Divide and Conquer
Solving smaller problems speeds things up
Let’s say we want to setup some curves to price USD/ZAR FX trades - that will require a setup something like this:
The curve we need for pricing (USD/ZAR basis) we can fit to fx forwards and float-float cross-currency swaps. These in turn will depend on USD LIBOR and ZAR JIBAR indices for the two floating legs - and forecasts for those indices will be fitted to vanilla IR fixed-float swaps. Those vanilla swaps rely on OIS discount curves for their pricing which in turn can be fitted to float-float OIS-vs-IBOR basis swaps.
So we need to solve five curves - two for each currency separately (forecast and OIS discounting) and one for the cross-currency basis. Now let’s say each curve contains 20 benchmark instruments - this leads to 100 benchmarks in total. Computing a 100x100 Jacobian matrix could be slow, definitely not optimal. Thankfully we can avoid doing that - we can solve the USD and ZAR problems first (and separately, possibly concurrently) which are both 40x40 matrices. We can follow this by using the output of the first stage (the two pairs of IBOR forecast and OIS discounting curves) to solve for the cross currency curve as a final step (merely a 20x20 matrix there).
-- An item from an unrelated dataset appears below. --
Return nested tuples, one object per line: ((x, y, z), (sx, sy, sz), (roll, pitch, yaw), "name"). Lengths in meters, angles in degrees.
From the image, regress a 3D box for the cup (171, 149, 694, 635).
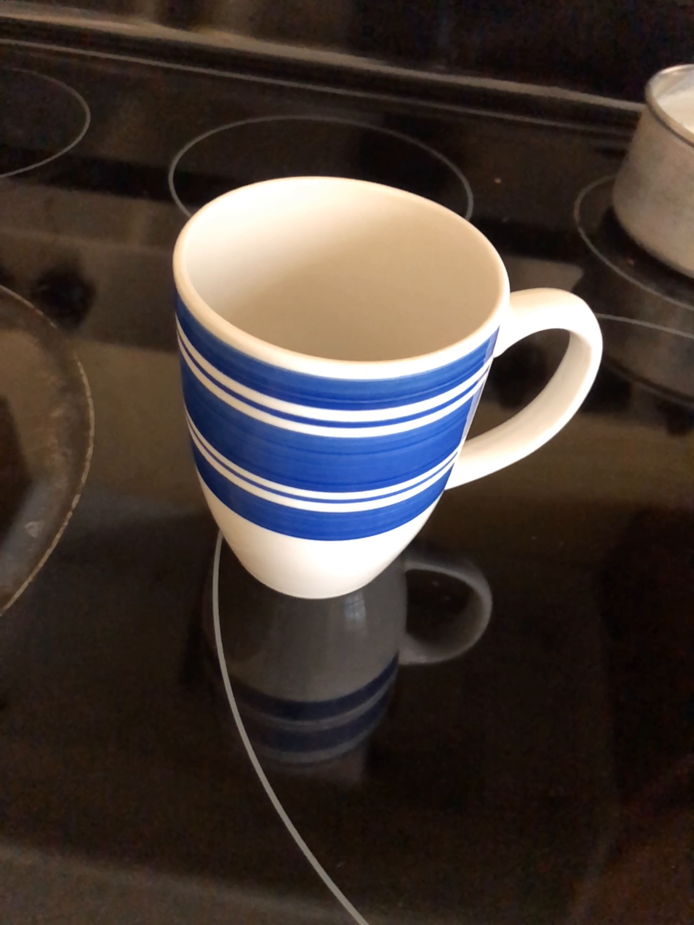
((0.020, -0.021, 0.209), (0.120, 0.090, 0.080), (-6, 48, -13), "cup")
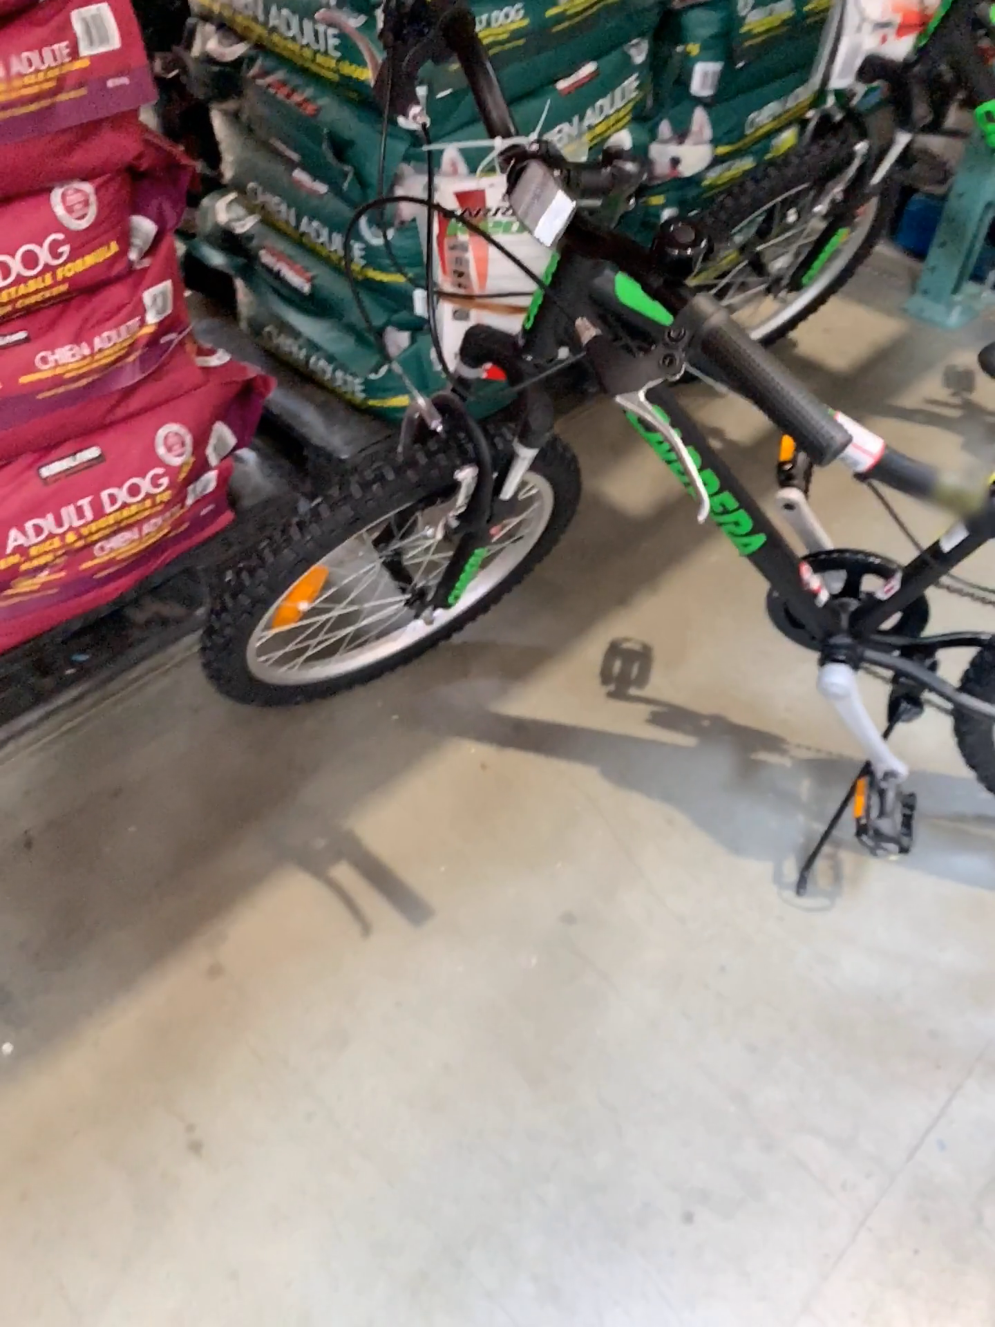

Not only is it much quicker due to removing unnecessary Jacobian calculations (10k vs. 3.6k elements per pass) but solving in stages also should improve convergence speed for the cases where a curve depends on another which can be pre-solved.
Selective update of discount or forecast curves
This optimization can be applied when computing the Jacobian as we know which curve we are bumping at any stage and we can make the instrument store it’s latest “state” internally. The idea is to re-use the discount factors (implied from PV divided by FV for each flow) if we are only bumping the forecast curve or simply re-discount the FV into PV if we are bumping only the discount factor. This saves a lot of unnecessary interpolation calls and can have a relatively dramatic effect for a simple code change (if you can live with the immutability of the objects being violated)
A more advance variation on the same theme is to only update points you see sensitivity to - your starting point is everything here and the only thing to remember is not to start with rate exactly equal to zero as a flow with a forecast rate of exactly a zero will have no discounting sensitivity. This ensures any point with real sensitivity should have a non-zero value computed on the first pass. The trick is then on subsequent passes to only re-compute Jacobian elements where the values is not exactly equal to zero, which should stop you bumping a 30y swap for the 3m deposit. Another idea might be to enforce a locality constraint and only bump points within a certain distance on the maturity axis from your instrument expiry - results may vary depending on the kind of interpolator chosen.
Juggling that Jacobian
Parallelization as a start, analytic solutions even better
Solving the Jacobian can be quite easily parallelized if one can clone and bump curves such that all bumped scenarios can be computed at the same time. One good way of doing this is to clone the whole curve set as a shallow copy and then just replace the curve containing the bumped point with a new, deep copied object.
A better way to optimize this is to have an analytic Jacobian calculation. It should be relatively easy to write down the analytic derivative of a swap PV to a change in the rates to each reset and payment date. The problem is that we need sensitivity to bumping the pillars on the curves we are fitting rather than sensitivity to all the dates in the swap. Thankfully we can just apply the chain rule to solve this problem and use the interpolator definition to either write down the derivative for rates at each date in the swap with respect to bumping each pillar or, in the case of a more complex interpolator, compute them numerically.